2000 — Happy People — Image by © Royalty-Free/Corbis

When it’s time to sell the business you’ve spent years building, and you want to be sure to take care of those long-time employees who helped you make it the success it has become, a really good path to consider is an Employee Stock Ownership Plan, or ESOP, in which you sell your company to your employees. If there’s no successor in the family, having your employees become the owners of the company they helped build can be an amazing way to say thank you, and provide you a fair price for the sale of your company. Or maybe not.

That conundrum results from the use of a tool that’s been available for many years, falling in and out of favor mostly because of its complexity and the bad things that can happen – including costly litigation – if it’s not done right, for the right reasons, and in the right kind of company. And that’s why the “maybe not” needs to be considered. The Exit Planning Institute’s Los Angeles chapter presented a solid presentation on the topic this week, thanks to Tucker Ellis LLP, a law firm with a solid ESOP practice in LA and across the country. Some things to consider if you’re ready to make a move and you think this option might be right for your company:

Company characteristics for a successful ESOP transaction:

  • Strong and dependable cash flow to handle the debt service that will result,
  • At least 20 employees, the folks who will be the new ownership group,
  • A solid management team already in place, for when you’re not,
  • A strong history of good employee communication and a healthy corporate culture.

The resulting entity can make your employees very happy, and very well provided for if not outright wealthy, as long as you can make sure your plans don’t get tripped up by missing some of these key steps:

Potholes that can cause trouble if you fall into one:

  • Choosing advisors and a trustee who are skilled in this rather complex process,
  • Getting a truly fair and defendable valuation on which the sale price is based,
  • Reasonable and defendable projections of future performance to support the valuation,
  • Compliance with ERISA, overseen by the Department of Labor which will closely scrutinize your plan’s impact on employees,
  • Getting really solid advice if you want to somehow favor some employees over others, through stock appreciation rights or other ways to tip the scale toward a few especially valued members.
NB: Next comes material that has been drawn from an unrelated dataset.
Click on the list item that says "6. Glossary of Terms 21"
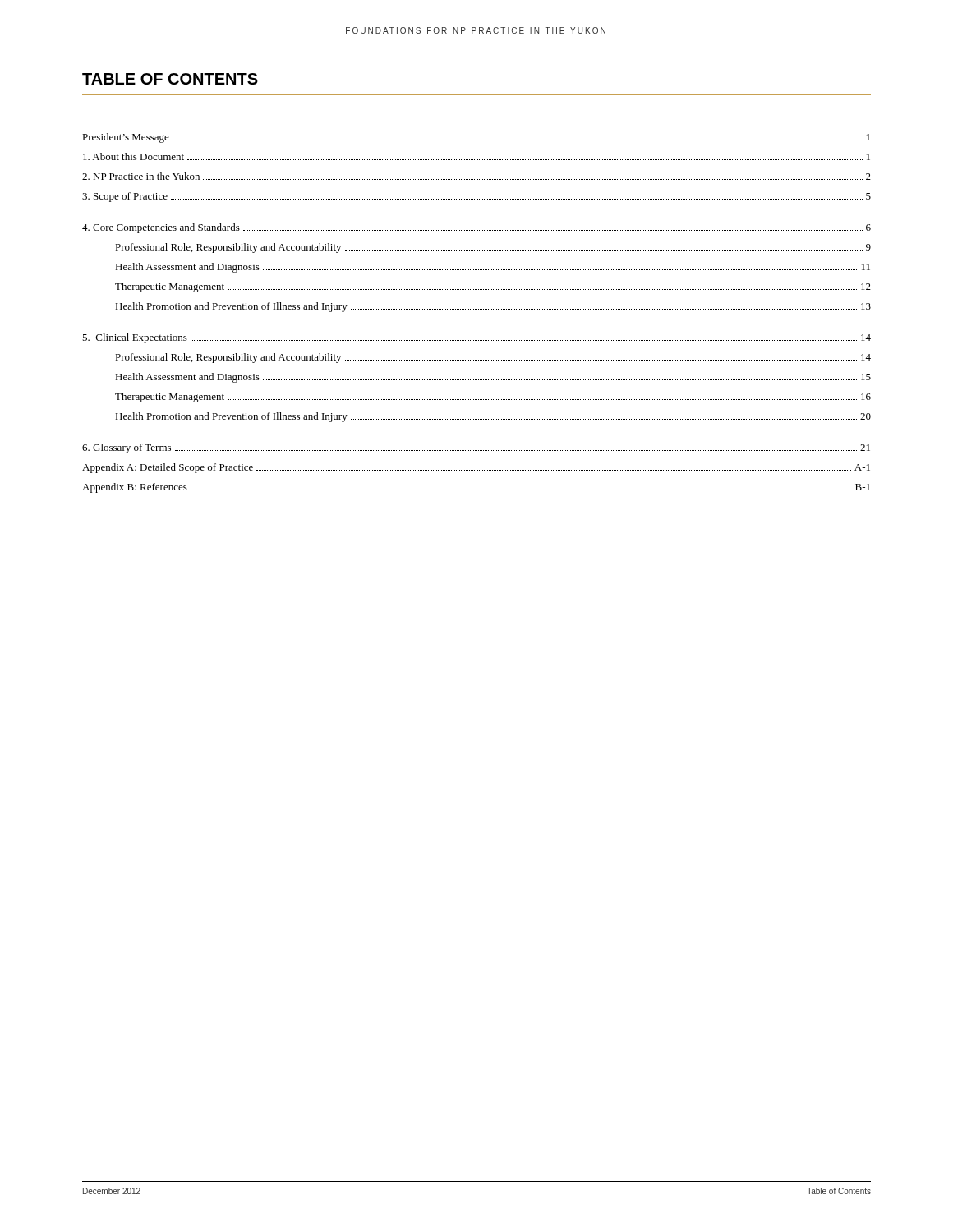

One thing the presenter didn’t emphasize enough, in my view, is the need for solid financial management within the company, to drive those projections, interface with the lender that will finance the transaction, and keep informed all the advisors that you’ll need to get it done right. One thing she did make clear: if you don’t get it done right, you’ll be involved with your company in a less than enjoyable way, potentially for years after you had hoped to be pursuing your personal bucket list.